What to do: Your task is to return the listing below word for word, without any of its images.

Data below:
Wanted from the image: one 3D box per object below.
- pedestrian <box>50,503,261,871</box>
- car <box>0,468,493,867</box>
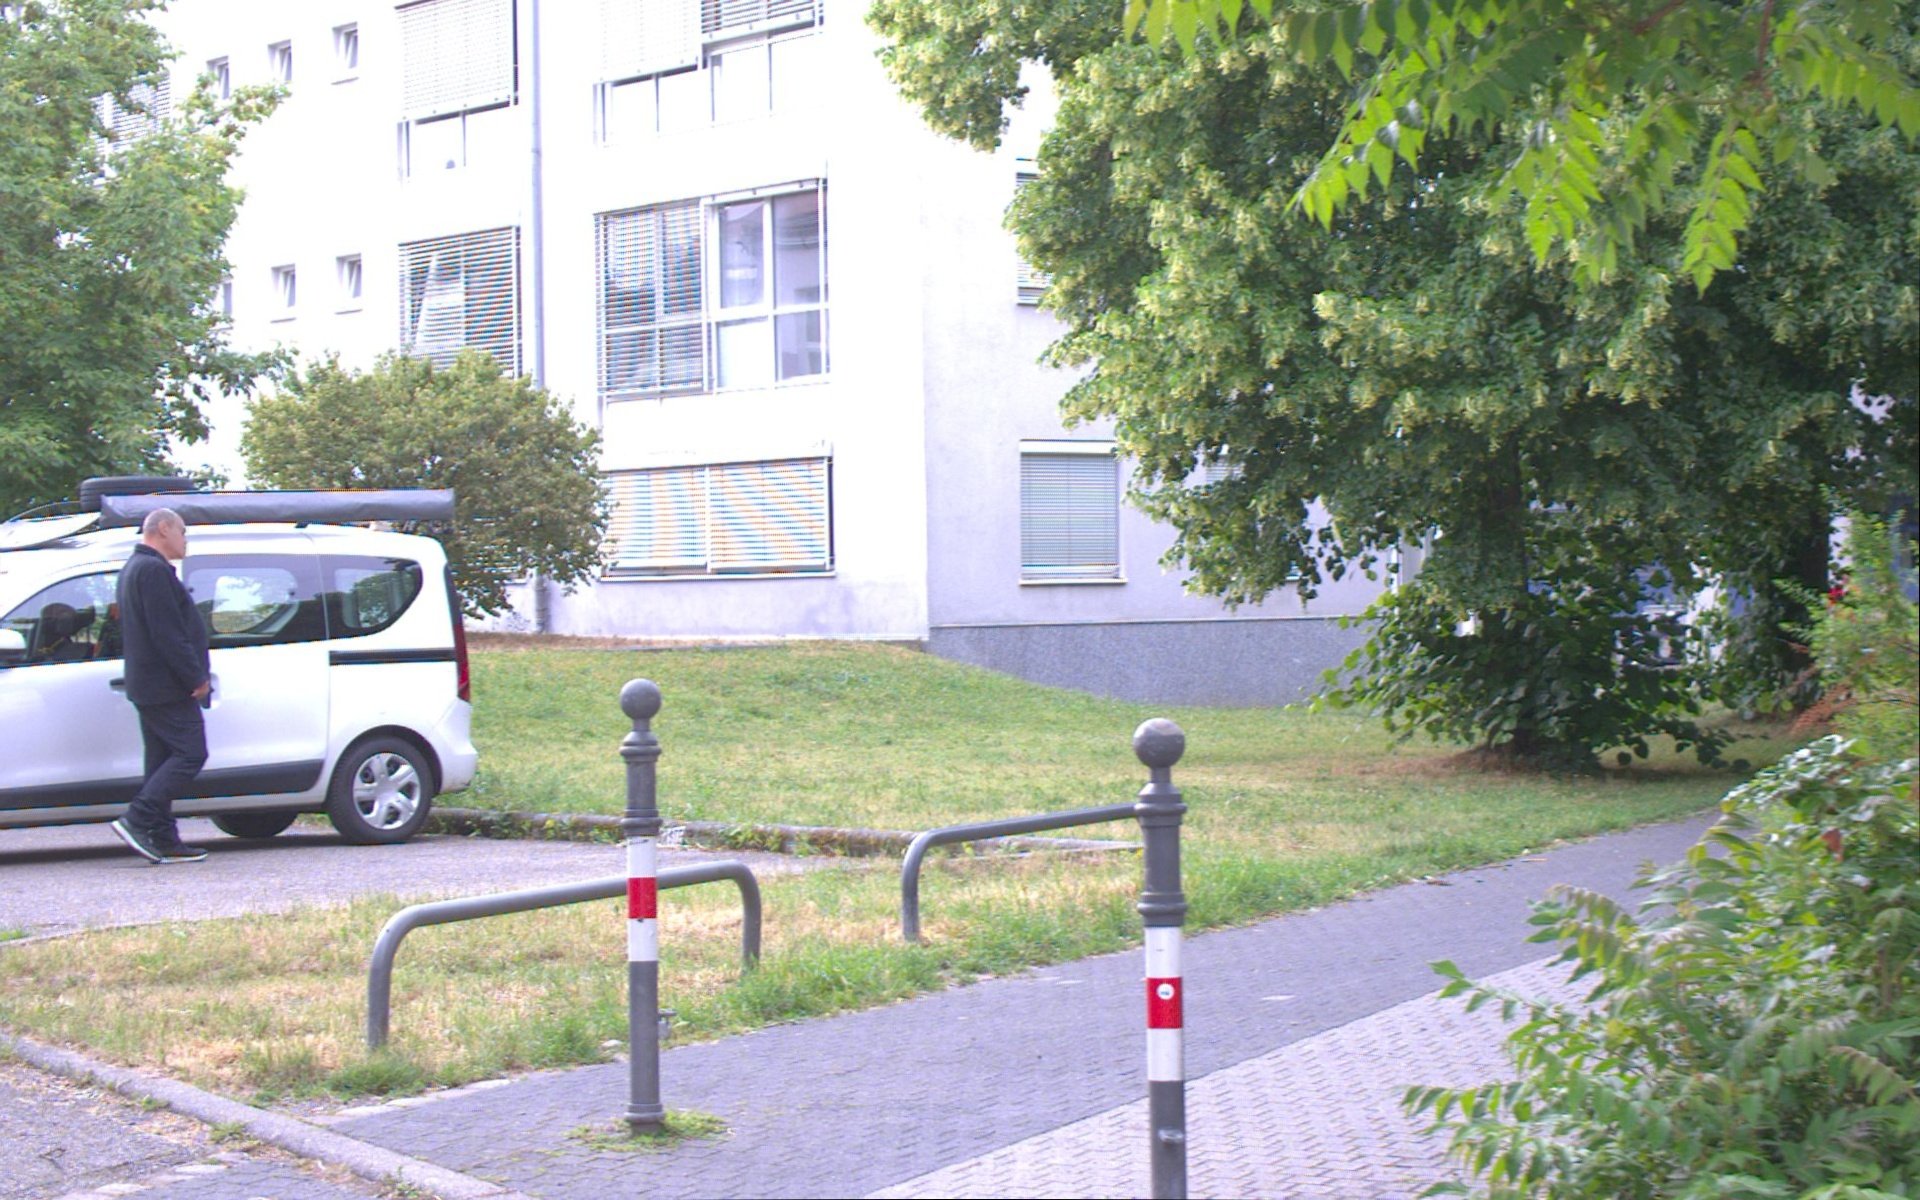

Result of this task:
Wanted from the image: one 3D box per object below.
- pedestrian <box>50,503,261,871</box>
- car <box>0,468,493,867</box>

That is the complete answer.